• Input material:

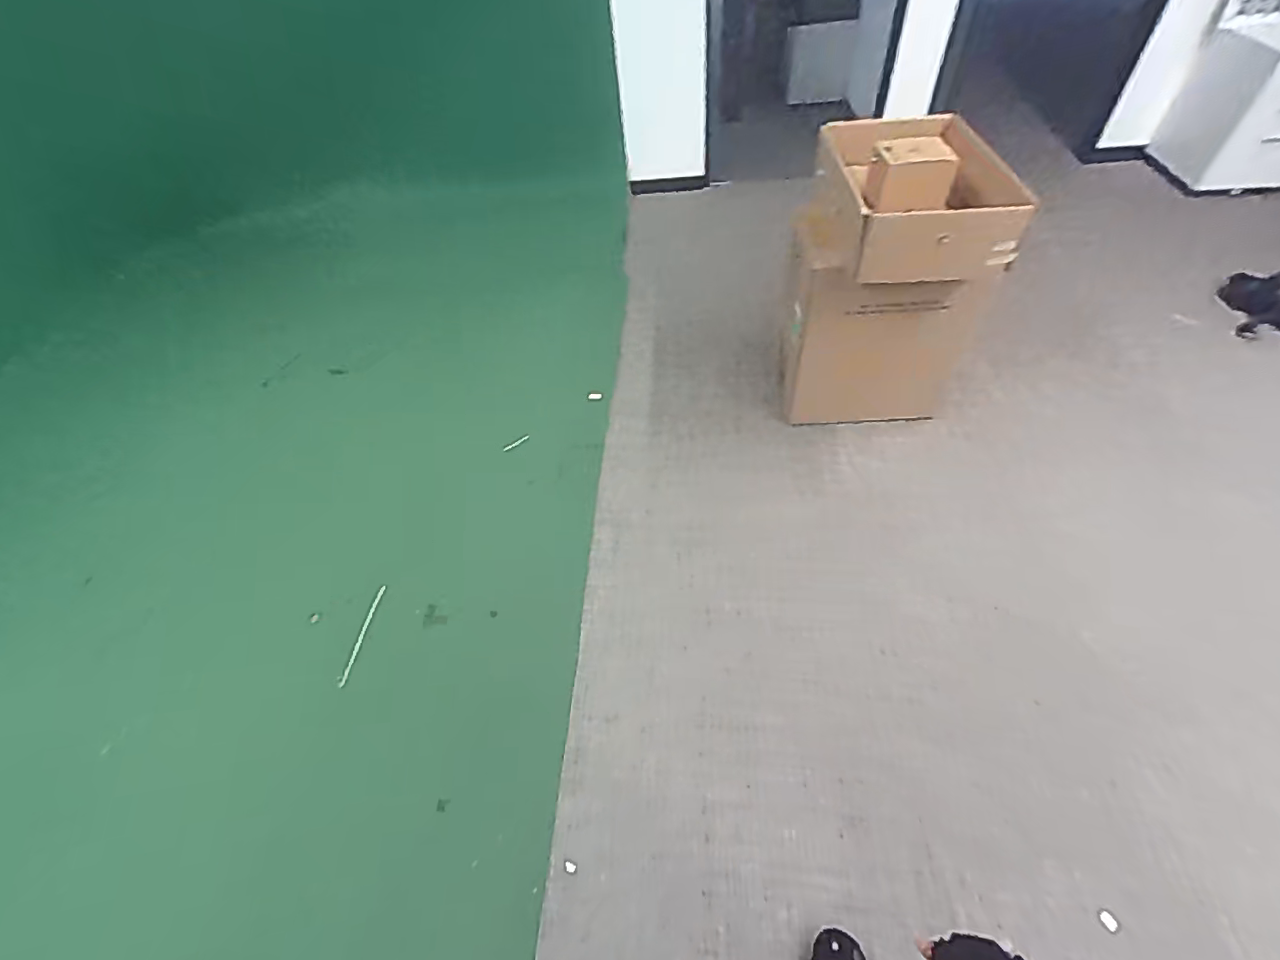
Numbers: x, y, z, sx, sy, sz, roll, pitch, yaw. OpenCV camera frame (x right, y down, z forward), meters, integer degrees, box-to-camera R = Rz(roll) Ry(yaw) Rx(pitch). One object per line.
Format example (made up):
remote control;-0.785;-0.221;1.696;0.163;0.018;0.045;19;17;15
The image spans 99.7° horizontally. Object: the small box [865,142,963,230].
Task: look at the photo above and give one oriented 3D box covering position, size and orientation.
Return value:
small box;0.747;-0.810;1.495;0.179;0.176;0.168;-1;49;4
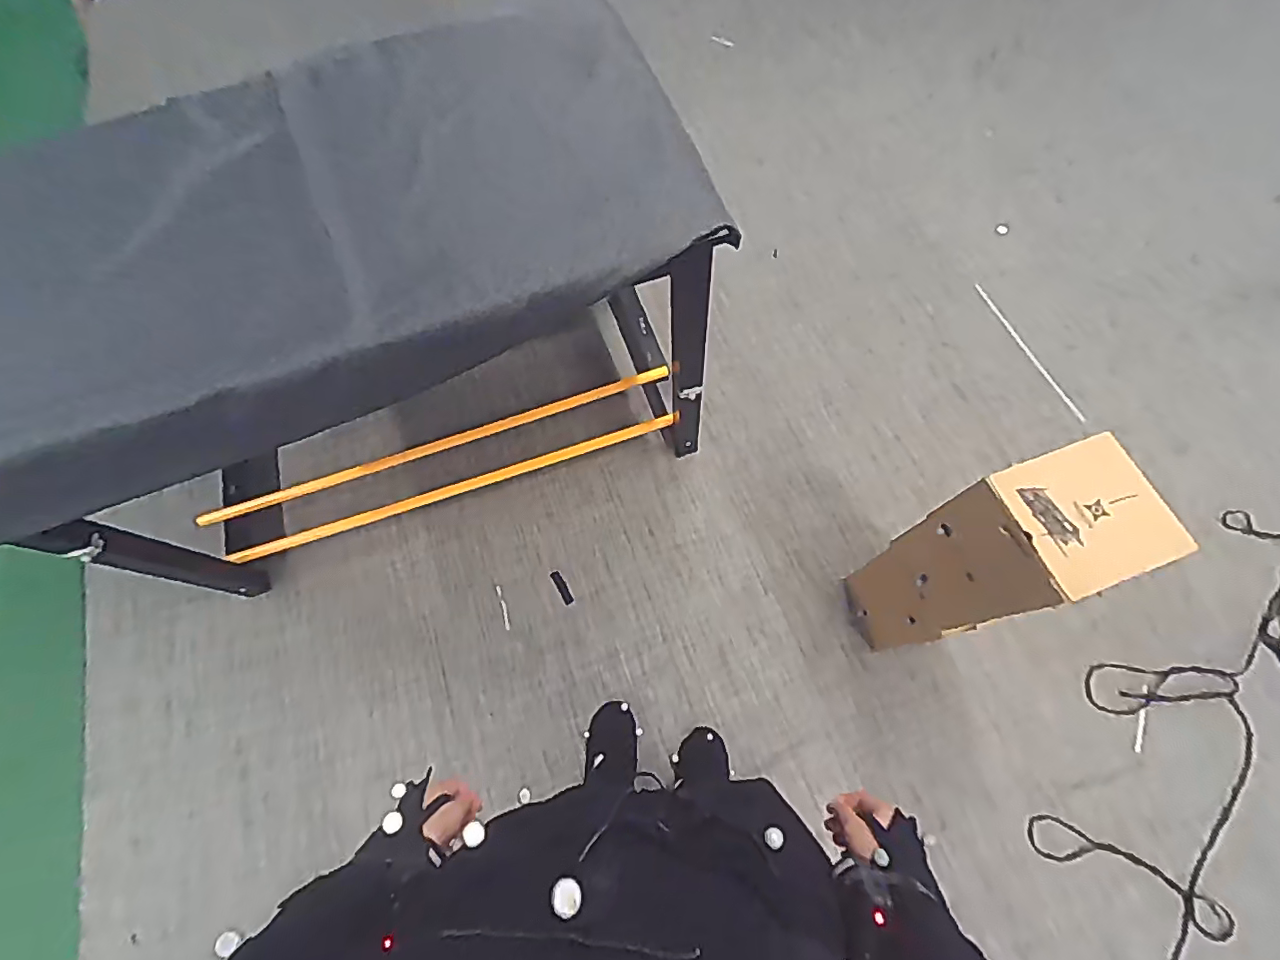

• Exercise requirements:
Print the material again, unchanged, without its pictures.

• Final answer:
Numbers: x, y, z, sx, sy, sz, roll, pitch, yaw. OpenCV camera frame (x right, y down, z forward), meters, integer degrees, box-to-camera R = Rz(roll) Ry(yaw) Rx(pitch). One object per line.
Format example (made up):
remote control;-0.785;-0.221;1.696;0.163;0.018;0.045;19;17;15
The image spans 99.7° horizontally. Object: the small box [865,142,963,230].
Task: look at the photo above and give one oriented 3D box covering position, size and orientation.
Return value:
small box;0.747;-0.810;1.495;0.179;0.176;0.168;-1;49;4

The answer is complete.